Quante e quante volte, Maurizio non aveva aspettata, cosí, l’Almerinda! Quante volte, questo nostro schema fantastico era stato, per lui, un fatto lieto, soave! Quante visite passate, soavissime o burrascosissime, rammentava, seduto fuori sul terrazzino, riparato da una persiana alla siciliana, con le gambe accavalciate, il sigaro, in bocca, ed un giornale non letto, in mano! Sarebbe un giorno di luna? dovrebbe litigare, per ore? ottenere, a stento, la piú infima delle voluttà? violentar, quasi, la donna? Oppure navigherebbe col vento in poppa? e, come una nave, che dà in secco, si troverebbe stretto fra le braccia dell’amica, senza sforzo o pena? Tra! Tra! Tra! Tra! Una carrozza chiusa si ferma innanzi al portone; lo sportello s’apre; scende una donna velata: egli butta il sigaro, brancica il giornale, rientra la seggiola. Una scampanellata; drin! drin! drin! Il grave passo del confidente, che disserra la porta: pacch! pacch! pacch! Una voce tenue femminile: zizí! zizí! zizí! momenti dopo, un picchiare con le nocche delle dita all’uscio di stanza: tocch! tocch! tocch! «Avanti» esclama Maurizio. Da fuori, non hanno sentito, e ripicchiano un po’ piú forte: tocch-tacch! tocch-tacch; tocchtacch! «Favorisca! » grida lui; e corre ad aprire. S’apre la bussola ed il confidente: «C’è una signora, che chiede di lei, signor Capitano!» «Entri. E non ci sono per nessun altro. Sono uscito, son di servizio, sono all’ospedale, sono morto! Di’ quel, che t’aggrada, a chi mi volesse; ma non fare entrare nessuno, intendi?»

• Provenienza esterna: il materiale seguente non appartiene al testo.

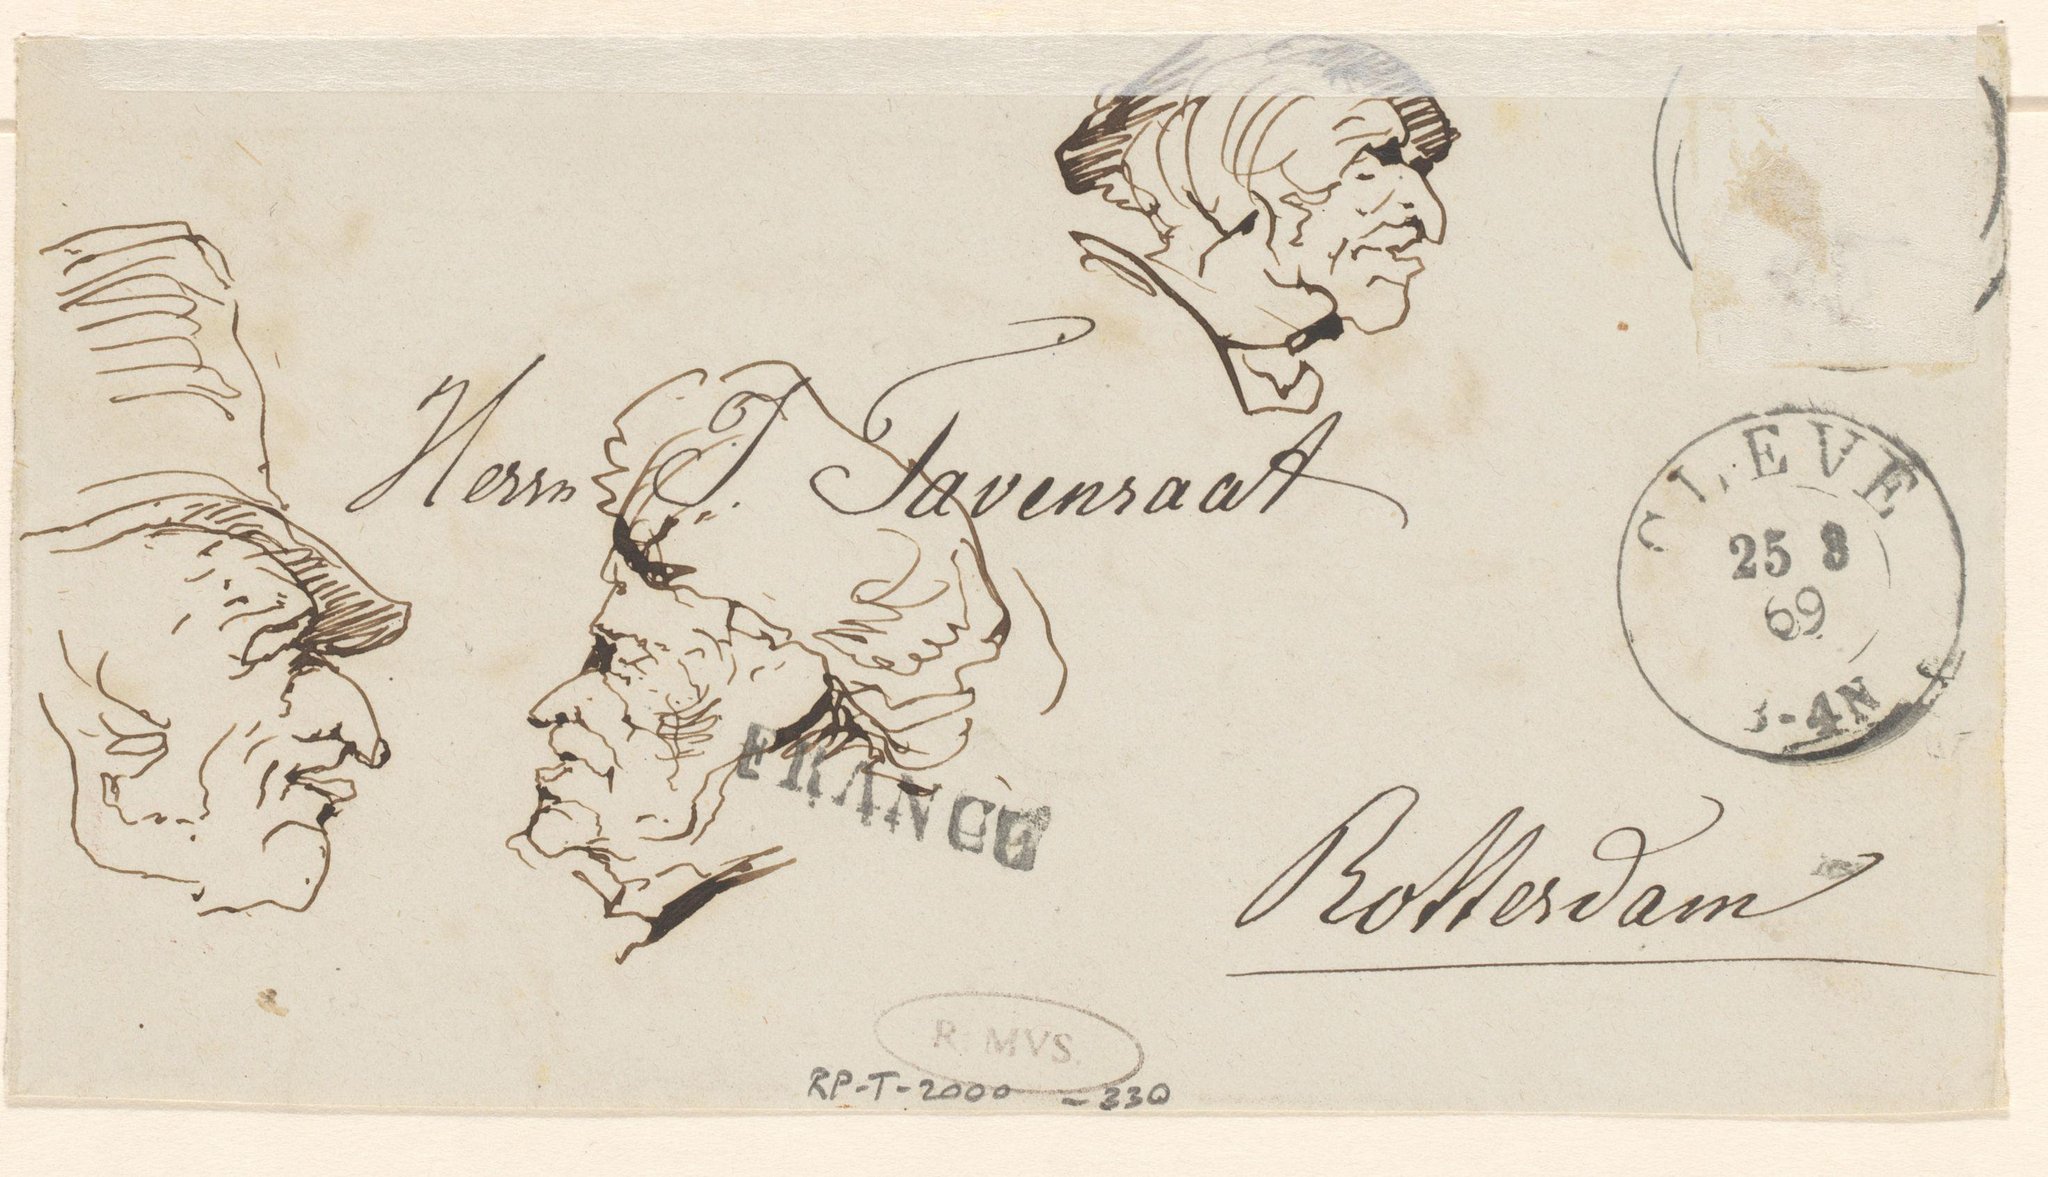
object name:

La donna, frattanto, era entrata; e s’era accostata al terrazzino. Maurizio chiude l’uscio a doppio giro, ben- ch’ella faccia un gesto ed un passo, come per vietarglielo, e mormori un «No, lasci stare». Poi, radiante di felicità, gira su’ tacchi, muove alla volta di lei e ne prende la mano, non consenziente e non ripugnante alla stretta affettuosa. Ma, qui, s’accorge, che quella donna lí, non è quella, attesa con tanto desio; e si ferma conturbato, impacciato; e ritira la propria destra con uno: «Scusi!» La visitatrice, conturbata ed impacciata anch’essa, alza il velo; ed egli riconosce la Salmojraghi. Cosa passasse pel capo al povero Della-Morte; come egli si rendesse, momentaneamente, ragione dello scambio; quali paure presaghe lo assalissero; io non saprei dirlo. Ma previde una catastrofe. Gli si strinse il cuore; e barcollò come un uomo ebbro. Avrebbe mosso a pietà chiunque, figuriamoci la Radegonda! Se impietosisce fin lo sguardo del cane, cui, facendo mostra di gettare un osso, invece, s’è buttato un pezzetto di pane asciutto, ch’egli fiuta deluso e non sa risolversi ad addentare, e, poi, lascia lí, per tornare scodinzolando verso l’ingannatore!

«Caro signor Maurizio!...» cominciò la donna.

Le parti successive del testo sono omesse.